Keir Giles: There is a very strong argument for that and, in fact, that was the case up until 2013; it was funded one way or another through the central Government. But in 2013, the BBC was asked to pay for the service, of which it really wasn’t the main customer. Now, you mentioned Julian Lewis, Chair of the Defence Select Committee of Parliament. Unusually, there are two separate Parliamentary Committees that have published reports saying that what the BBC is planning to do is an exceptionally bad idea.
Andrea Catherwood: Stuart, is most of the work commissioned for the Government or for the BBC? And indeed, how is BBC Monitoring directed as to where to look, and who by?
Stuart Seaman: Well, in the past, as Keir says, the Government was the main customer, the main consumer of our material. We would monitor the media with an eye mostly to Government requirements, but with an eye also to the BBC’s agenda, which is different. The Government is more into information; the BBC is more into news gathering. Since the funding regime changed, the BBC took over sole responsibility for funding Monitoring, the agenda here has shifted. We are now being directed towards the BBC’s news agenda, and that is now our first priority. Whether or not we will be able to continue to provide information for the Government, when we’ve lost 40 per cent of our staff at Caversham and 20 per cent abroad, is – well, I think we can guess.
Andrea Catherwood: The Select Committee was also very highly critical of breaking this physical link between the Monitoring Unit and its US equivalent. Do they really need to be in the same place?

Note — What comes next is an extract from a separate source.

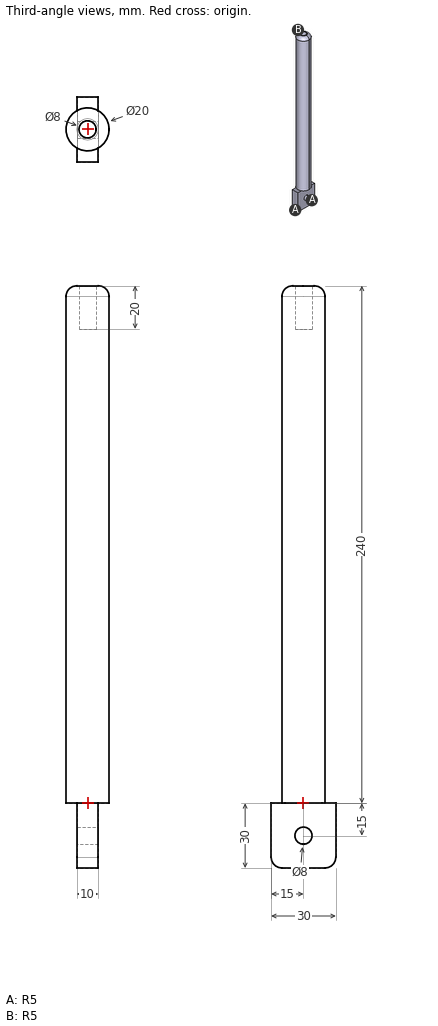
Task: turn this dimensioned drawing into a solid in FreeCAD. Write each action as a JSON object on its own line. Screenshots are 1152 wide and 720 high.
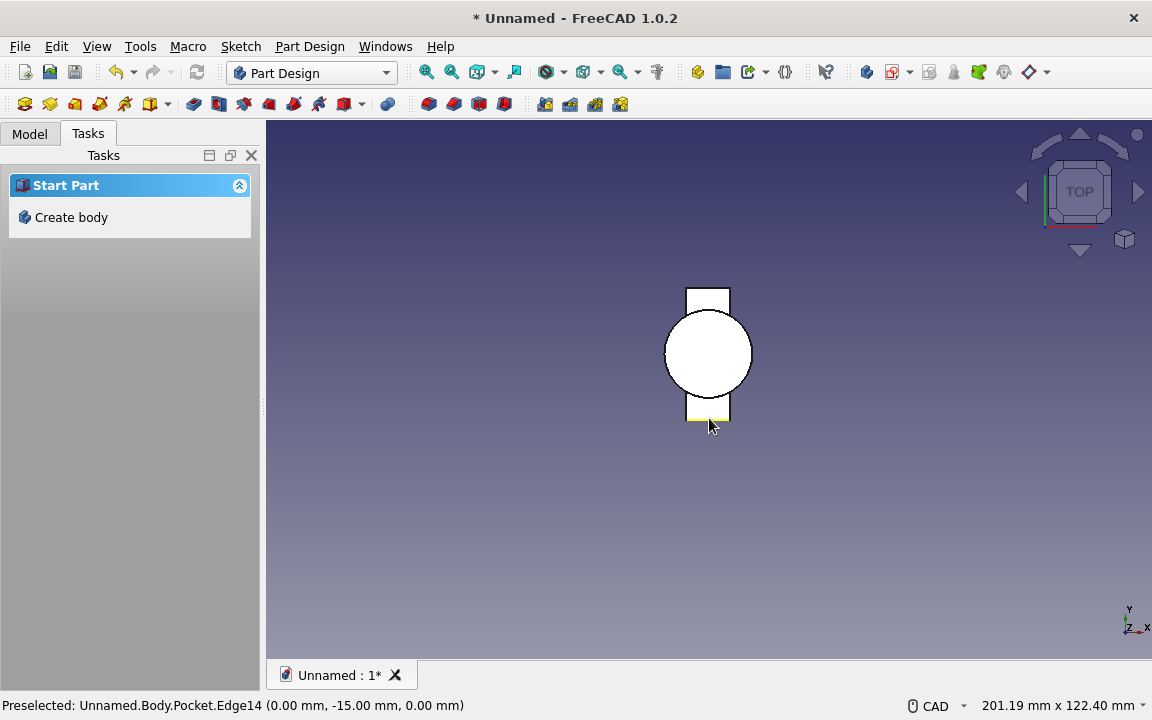
{"action": "key", "text": "v f"}

Stuart Seaman: Well, it certainly helps. If we are in the same building, you’ve got the personal relationships. I mean, we can communicate with them by e-mail and by phone, but it’s not the same. We are, as the MPs themselves said, two organisations joined at the hip. If you break that connection, there is going to be a dilution of the relationship. It is inevitable.

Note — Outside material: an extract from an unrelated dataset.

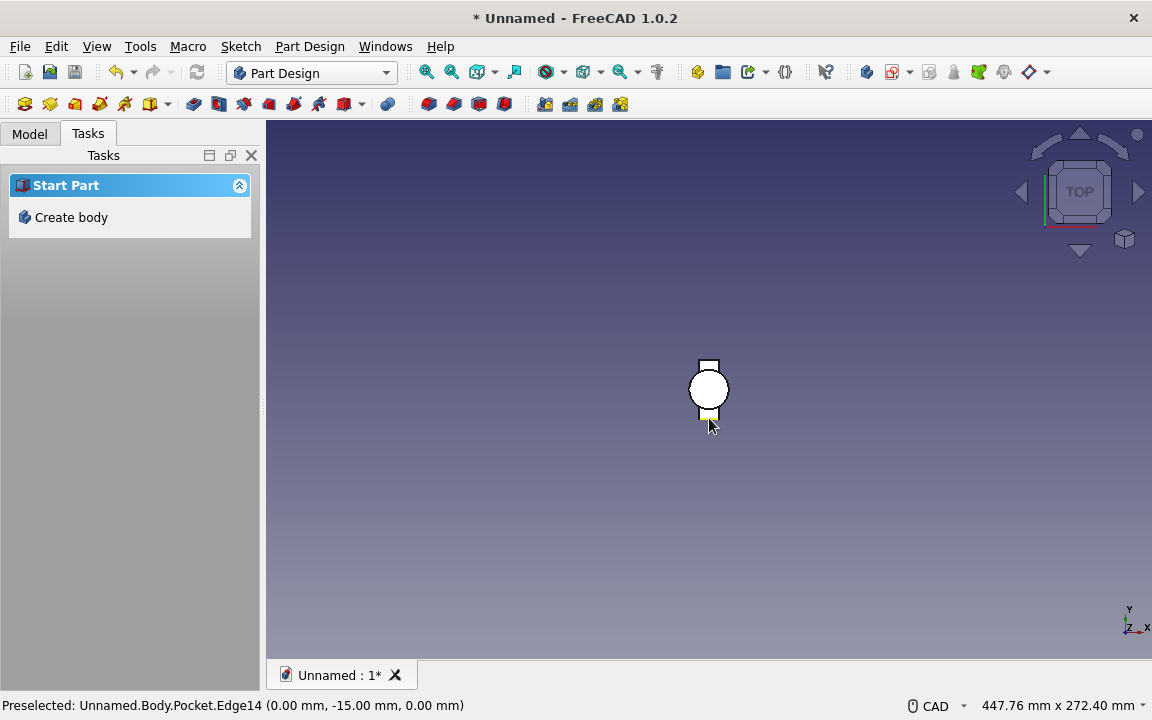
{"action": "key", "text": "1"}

Keir Giles: I wonder if I can just chip in there. One of the main objections to evicting the Americans from their base in London was not so much the effect that there won’t be this co-location, but also why offend a vital partner in this information-sharing agreement, from which this country derives great benefit, particularly at the time when the incoming US Administration is looking to assess the commitment of its allies to arrangements like that? It is particularly bad timing to offend one of our most important partners, and it should not be the BBC that is the arbiter of how this country’s national security alliances work.
Andrea Catherwood: Can I ask you finally, Stuart, if this does go through, what do you think the effect is going to be on the end product, and indeed the soft power that you are able to exert?
Stuart Seaman: The end result is going to be less understanding of what other countries are doing and thinking, and how they perceive themselves and the world, which can be radically different from the way that we perceive such things. It is going to mean that Monitoring is more focused on the news-gathering agenda, which is fine – we are funded by the licence fee, so we should serve that.
Andrea Catherwood: OK. Keir Giles and Stuart Seaman, thank you both very much indeed.
We did ask the Foreign Office for their reaction to the recent Select Committee reports and they said that BBC Monitoring provides a valuable service.
We asked the BBC to appear, nobody was available, but they did say that the media landscape has changed vastly since the creation of BBC Monitoring in the 1930s, and that they believe that the planned restructure is vital to equip them for the world in which digital skills are far more important than physical location. That’s all we’ve got time for now. Thank you very much for listening.